_Assignment_
Which lines of the entries contain the word "Mises"? Please list them.

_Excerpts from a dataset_
╭──

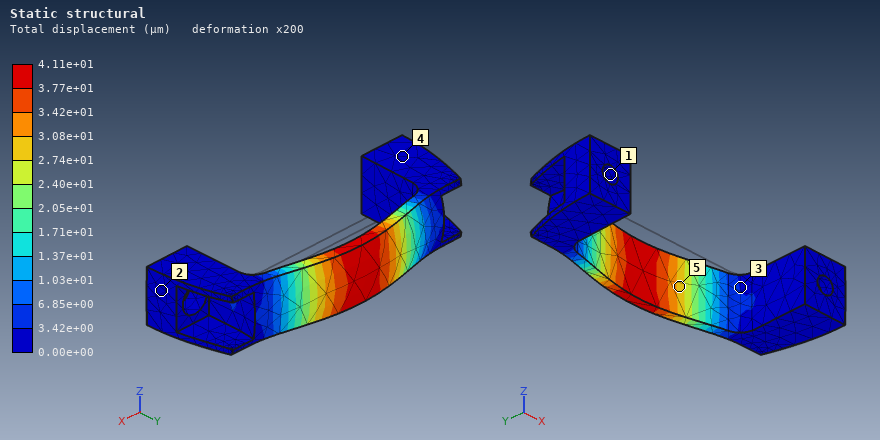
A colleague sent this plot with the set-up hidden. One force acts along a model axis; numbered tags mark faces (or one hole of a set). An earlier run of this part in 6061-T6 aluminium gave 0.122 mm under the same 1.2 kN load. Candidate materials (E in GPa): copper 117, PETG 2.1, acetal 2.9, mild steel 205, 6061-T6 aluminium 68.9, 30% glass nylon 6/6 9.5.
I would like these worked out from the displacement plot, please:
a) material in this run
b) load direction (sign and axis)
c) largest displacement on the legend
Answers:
mild steel
+Y
4.11e+01 µm
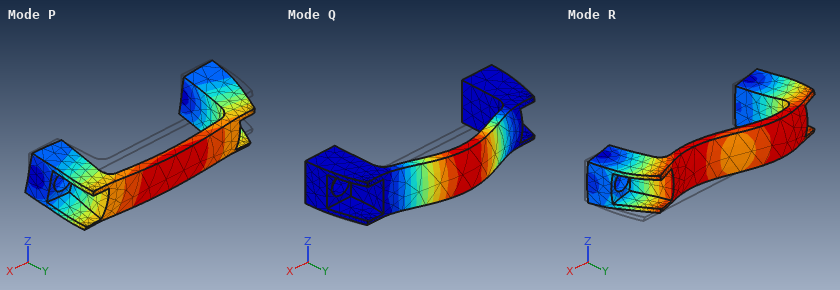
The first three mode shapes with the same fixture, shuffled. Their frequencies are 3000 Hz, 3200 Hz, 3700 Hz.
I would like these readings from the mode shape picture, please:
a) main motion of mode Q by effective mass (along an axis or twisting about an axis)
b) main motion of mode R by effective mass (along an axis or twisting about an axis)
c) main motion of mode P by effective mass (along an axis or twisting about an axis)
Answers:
along Y
along X
along Z
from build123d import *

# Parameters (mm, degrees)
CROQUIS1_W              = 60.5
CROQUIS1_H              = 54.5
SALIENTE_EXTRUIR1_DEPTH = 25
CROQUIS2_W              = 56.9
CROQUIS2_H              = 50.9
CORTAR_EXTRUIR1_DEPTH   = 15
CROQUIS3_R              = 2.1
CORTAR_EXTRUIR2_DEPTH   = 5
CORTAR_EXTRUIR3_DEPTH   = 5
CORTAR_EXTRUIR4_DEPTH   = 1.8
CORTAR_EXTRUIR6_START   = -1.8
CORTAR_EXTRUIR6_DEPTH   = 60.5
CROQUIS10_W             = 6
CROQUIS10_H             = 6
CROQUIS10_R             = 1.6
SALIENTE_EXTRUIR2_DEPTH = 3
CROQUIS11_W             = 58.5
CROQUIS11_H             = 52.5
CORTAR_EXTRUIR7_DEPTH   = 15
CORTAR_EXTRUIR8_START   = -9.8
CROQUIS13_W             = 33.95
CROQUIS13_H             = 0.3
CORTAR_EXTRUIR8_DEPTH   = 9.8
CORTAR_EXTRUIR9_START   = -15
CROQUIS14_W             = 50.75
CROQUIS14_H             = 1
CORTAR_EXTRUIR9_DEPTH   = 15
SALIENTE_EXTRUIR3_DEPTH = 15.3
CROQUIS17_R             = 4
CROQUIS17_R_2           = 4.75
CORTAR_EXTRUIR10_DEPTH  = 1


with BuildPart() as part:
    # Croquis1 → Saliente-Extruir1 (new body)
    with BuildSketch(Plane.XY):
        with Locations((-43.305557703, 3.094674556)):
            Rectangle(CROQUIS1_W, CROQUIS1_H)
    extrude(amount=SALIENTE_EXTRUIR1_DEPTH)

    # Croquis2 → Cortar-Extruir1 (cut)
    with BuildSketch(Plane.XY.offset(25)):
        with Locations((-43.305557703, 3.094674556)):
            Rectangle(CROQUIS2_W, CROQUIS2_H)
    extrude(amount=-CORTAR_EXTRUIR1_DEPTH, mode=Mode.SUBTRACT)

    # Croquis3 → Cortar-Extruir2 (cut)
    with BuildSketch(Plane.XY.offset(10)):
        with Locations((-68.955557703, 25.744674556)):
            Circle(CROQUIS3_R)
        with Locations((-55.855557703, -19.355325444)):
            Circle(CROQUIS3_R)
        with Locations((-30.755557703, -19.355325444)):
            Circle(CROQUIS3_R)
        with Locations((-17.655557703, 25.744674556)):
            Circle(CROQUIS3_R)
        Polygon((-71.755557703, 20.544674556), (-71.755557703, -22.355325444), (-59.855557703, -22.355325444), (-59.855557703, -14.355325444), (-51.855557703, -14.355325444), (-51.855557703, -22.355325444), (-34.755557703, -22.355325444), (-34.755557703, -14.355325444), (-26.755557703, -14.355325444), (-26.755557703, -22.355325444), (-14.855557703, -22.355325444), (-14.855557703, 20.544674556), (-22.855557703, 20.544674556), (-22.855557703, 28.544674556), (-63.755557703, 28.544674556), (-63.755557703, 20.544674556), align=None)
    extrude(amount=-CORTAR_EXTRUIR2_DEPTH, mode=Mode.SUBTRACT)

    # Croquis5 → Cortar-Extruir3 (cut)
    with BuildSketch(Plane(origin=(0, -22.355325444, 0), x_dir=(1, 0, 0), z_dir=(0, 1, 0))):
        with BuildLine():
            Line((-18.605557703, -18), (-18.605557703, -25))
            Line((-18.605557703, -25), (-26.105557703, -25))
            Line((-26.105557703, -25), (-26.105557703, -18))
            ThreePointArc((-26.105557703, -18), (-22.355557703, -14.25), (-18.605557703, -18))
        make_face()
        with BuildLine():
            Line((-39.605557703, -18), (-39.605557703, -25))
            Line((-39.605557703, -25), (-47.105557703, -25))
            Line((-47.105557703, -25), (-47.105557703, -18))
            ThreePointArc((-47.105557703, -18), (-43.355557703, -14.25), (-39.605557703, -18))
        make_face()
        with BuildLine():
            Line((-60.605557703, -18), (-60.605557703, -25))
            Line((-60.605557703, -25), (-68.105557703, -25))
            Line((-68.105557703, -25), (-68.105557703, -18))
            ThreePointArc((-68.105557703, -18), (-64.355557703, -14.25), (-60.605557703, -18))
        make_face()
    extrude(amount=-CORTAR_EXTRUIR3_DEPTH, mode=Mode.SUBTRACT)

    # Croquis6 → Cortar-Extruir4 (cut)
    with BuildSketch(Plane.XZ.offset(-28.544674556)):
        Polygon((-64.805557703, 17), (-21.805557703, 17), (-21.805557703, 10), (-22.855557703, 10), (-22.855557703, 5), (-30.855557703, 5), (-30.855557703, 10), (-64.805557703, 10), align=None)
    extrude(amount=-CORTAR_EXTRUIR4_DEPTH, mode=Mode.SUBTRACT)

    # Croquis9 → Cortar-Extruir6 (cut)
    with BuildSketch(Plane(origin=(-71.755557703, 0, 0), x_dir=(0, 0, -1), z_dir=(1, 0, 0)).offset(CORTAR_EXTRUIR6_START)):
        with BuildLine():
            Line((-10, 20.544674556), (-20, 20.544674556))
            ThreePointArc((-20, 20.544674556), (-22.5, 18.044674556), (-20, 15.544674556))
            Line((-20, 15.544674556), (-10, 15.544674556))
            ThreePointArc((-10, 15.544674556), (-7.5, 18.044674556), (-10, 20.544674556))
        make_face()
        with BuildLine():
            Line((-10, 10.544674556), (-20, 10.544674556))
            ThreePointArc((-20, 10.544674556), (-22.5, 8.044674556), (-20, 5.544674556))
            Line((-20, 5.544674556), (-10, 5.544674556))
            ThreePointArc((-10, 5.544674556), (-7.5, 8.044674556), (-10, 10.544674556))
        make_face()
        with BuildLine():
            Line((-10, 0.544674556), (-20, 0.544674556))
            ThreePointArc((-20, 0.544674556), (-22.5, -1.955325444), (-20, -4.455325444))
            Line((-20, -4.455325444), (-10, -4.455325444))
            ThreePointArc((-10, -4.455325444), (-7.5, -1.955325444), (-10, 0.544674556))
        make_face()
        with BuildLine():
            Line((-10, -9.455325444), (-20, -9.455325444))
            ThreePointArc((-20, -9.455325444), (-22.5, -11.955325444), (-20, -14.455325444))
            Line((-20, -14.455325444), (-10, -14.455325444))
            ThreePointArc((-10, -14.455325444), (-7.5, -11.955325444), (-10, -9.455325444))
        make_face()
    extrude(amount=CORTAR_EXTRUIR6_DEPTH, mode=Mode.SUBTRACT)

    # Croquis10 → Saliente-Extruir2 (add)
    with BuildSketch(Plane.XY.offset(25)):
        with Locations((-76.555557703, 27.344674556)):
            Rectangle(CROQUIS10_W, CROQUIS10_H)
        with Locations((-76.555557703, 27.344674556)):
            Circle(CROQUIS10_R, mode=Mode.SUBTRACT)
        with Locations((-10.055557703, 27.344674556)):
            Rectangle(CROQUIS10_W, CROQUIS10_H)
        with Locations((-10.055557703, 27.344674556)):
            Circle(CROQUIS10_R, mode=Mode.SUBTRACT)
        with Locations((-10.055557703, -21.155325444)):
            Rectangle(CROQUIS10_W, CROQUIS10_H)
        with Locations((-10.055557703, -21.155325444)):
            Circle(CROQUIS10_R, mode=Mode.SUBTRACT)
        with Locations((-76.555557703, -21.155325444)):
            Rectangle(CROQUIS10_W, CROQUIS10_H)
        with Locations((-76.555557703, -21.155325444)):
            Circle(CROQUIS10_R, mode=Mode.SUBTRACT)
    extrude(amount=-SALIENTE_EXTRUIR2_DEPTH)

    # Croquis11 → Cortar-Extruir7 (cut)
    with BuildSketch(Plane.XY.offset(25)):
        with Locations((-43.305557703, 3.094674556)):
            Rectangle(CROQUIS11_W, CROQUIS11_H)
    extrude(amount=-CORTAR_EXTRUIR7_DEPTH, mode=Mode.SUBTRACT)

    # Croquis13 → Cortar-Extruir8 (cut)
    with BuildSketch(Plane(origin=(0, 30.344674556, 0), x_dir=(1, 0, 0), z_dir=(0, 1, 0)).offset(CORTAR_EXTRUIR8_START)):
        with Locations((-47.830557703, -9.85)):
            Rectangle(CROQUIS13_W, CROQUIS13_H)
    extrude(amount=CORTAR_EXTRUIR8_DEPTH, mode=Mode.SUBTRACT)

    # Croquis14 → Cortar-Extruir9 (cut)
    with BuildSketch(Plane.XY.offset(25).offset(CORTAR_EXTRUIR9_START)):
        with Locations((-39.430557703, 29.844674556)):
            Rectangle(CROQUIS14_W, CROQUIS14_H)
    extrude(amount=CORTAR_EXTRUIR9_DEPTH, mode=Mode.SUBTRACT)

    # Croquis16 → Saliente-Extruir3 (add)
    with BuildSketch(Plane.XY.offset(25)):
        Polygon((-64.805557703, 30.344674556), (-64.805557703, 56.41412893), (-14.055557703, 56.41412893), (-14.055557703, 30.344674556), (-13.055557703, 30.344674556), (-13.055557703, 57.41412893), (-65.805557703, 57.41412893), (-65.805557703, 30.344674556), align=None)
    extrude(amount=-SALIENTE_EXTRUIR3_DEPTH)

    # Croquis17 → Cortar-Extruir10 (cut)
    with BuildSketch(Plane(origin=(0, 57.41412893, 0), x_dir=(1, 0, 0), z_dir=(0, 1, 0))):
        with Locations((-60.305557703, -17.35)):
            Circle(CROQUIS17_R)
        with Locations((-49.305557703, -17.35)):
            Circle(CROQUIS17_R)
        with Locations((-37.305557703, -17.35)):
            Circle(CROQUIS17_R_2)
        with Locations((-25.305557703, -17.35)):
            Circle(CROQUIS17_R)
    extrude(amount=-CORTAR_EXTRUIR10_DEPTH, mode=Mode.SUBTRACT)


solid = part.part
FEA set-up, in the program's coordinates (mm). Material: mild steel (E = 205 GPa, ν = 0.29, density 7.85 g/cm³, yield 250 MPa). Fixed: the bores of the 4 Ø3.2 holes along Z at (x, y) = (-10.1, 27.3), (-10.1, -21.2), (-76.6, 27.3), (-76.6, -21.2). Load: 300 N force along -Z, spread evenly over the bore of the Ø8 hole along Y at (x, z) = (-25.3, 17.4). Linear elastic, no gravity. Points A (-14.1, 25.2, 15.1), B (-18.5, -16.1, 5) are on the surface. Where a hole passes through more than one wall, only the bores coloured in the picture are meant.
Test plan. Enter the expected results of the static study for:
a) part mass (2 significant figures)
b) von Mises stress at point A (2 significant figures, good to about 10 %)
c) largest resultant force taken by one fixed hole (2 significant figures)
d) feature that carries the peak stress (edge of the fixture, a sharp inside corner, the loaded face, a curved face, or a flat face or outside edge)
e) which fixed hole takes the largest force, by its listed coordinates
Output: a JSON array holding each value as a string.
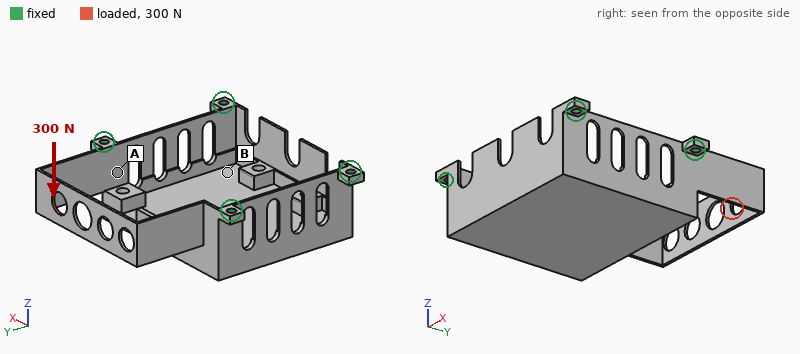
["180 g", "64 MPa", "380 N", "a flat face or outside edge", "(-10.1, 27.3)"]
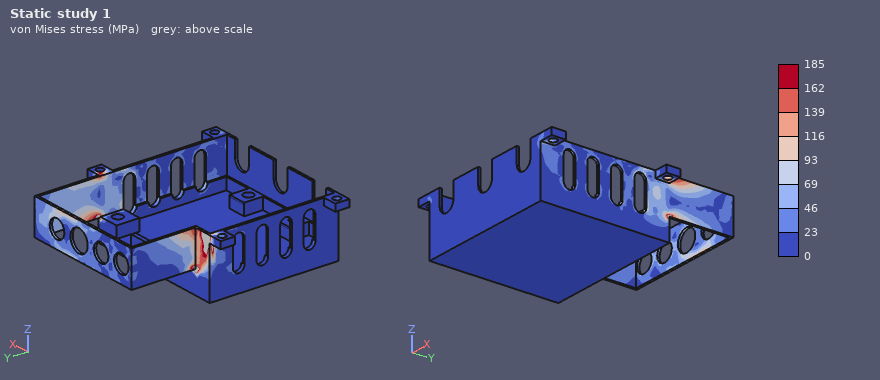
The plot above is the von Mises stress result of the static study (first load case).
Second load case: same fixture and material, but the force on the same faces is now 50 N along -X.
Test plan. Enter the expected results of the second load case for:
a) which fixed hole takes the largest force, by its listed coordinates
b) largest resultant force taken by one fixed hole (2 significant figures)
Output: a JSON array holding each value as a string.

["(-10.1, 27.3)", "30 N"]
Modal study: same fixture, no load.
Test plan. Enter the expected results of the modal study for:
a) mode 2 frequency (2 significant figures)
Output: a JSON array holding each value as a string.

["1500 Hz"]

╰──

_Exercise answer_
b) von Mises stress at point A (2 significant figures, good to about 10 %)
The plot above is the von Mises stress result of the static study (first load case).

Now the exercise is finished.